Он хотел было взять Груню под руку, но она отстранилась:

— Не надо так… Не привыкла я…

— Какая вы!.. — Ракитин тихо засмеялся.

Некоторое время он шел молча, глядя на отливающие тусклым оловом смежные крыши, на косматые березы, на застрявшие в ветке голых сучьев редкие звезды.

— Вы не обиделись? — спросила Груня.

— За что? — удивился Ракитин.

— Ну, за это… самое… что не под ручку с вами иду?

— Нет, нет, что вы, Груня!

— А я думала: идет, не заговаривает… — Она глубоко, с облегчением вздохнула. — Так о чем же статья-то?

— Ах, да! — Газета хрустнула в руках Ракитина. — Один кандидат наук рекомендует по совету академика Лысенко сеять озимую пшеницу на Алтае прямо по стерне, без всякой обработки почвы…

— Да ну? — удивленно протянула Груня и даже остановилась. — Нет, правда? У нас в крае редко где озимую пшеницу сеют… Рожь тоже недолюбливают: больно низкие урожаи дает…

— Он пишет, что посевы озимой пшеницы в Сибири обычно вымерзают, — ободренный вниманием девушки, торопливо пояснил Ракитин. — А Лысенко считает, что высокое жнивье спасет пшеницу…

— Но ведь поля засоряются стерней, да и нечем ей, озимке-то, дышать будет, — сказала Груня. — Как же тут быть?

Но Ракитин не ответил ей. Она оглянулась и увидела, что он стоял в трех шагах от дороги, прислонясь спиной к широкому тополю, чуть запрокинув белевшее в сумраке лицо, и судорожно теребил воротник тулупа. Груня бросилась к нему, схватила за руки:

— Чего вы?

Он дышал хрипло, тяжело, будто его душили.

— Не… бой-тесь, — сквозь зубы выдавил он. — Сейчас… прой-дет… Меня ведь… в грудь…

Она топталась около него, проваливаясь в снег, потерянная, встревоженная, ругая себя за то, что отказала ему в помощи, когда он хотел ее взять под руку. «Ох, и глупая ты, Грунька!»

— От-пу-стила… все, — тихо и расслабленно процедил Ракитин, голос у него стал мягкий. — Вот всегда так: как глотну холодного воздуха — и схватит… Возьмите газету, подумайте, может, к попытаете счастья!

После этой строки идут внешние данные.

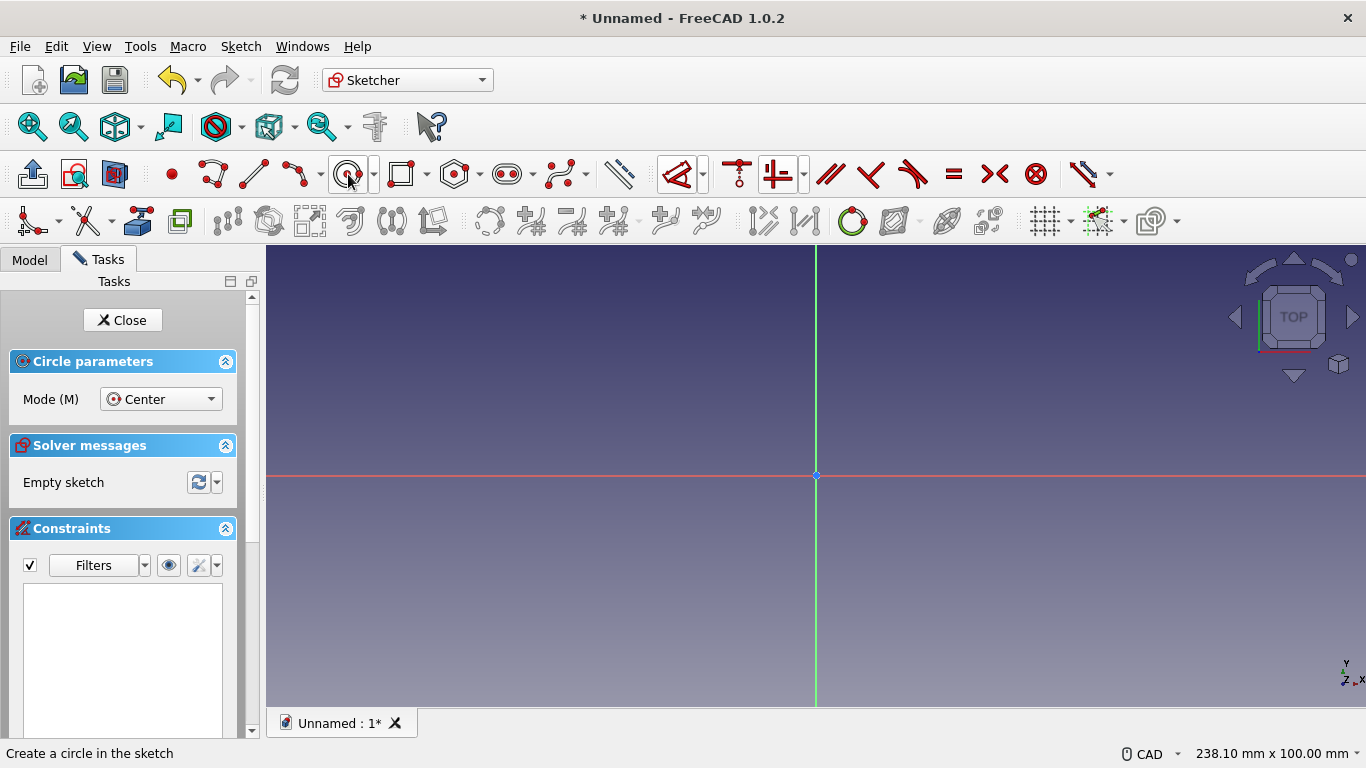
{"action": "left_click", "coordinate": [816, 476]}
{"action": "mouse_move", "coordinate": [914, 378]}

Ну, а я пойду… Яркин ждет, верно.

— Нет, куда же вы? — зашептала Груня. — Мы тут недалече живем… Обопритесь о плечо и пойдемте… Я вас чаем напою, отдышитесь…

Увидев, что невестка бережно вводит кого-то в избу, Маланья, чуть не вскрикнув, отступила от порога, побледнела.

— Ой, батюшки… аж в сердце ударило!..

Она провела гостя в горенку, стянула с него тулуп, бурки, велела надеть сухие валенки, потом остановилась у притолоки и долго, любовно смотрела на него:

— На войне это тебя, милый?

— Да, там…

Ракитин сидел бледный и тихий, на лбу и в нежной впадинке верхней губы проступил зернистый, крупный пот.

Боясь, что свекровь начнет сейчас расспрашивать Ракитина, не встречал ли он на фронте Родиона. Груня подошла к ней и тихо сказала:

— Не тревожьте его, маманя, пусть отдышится. Идите отдыхайте. Я сама управлюсь…

— Напои горячим чаем, варенья достань, — наказала Маланья. — и на печь его — пусть отогреется хорошенько. Всякая хворь тепла не любит…

Вздыхая, она ушла к себе.

Мягкий, затененный синей косынкой свет зализал горенку, в голубом сумраке куском льда отсвечивало большое трюмо, мерцали никелированные шары на кровати.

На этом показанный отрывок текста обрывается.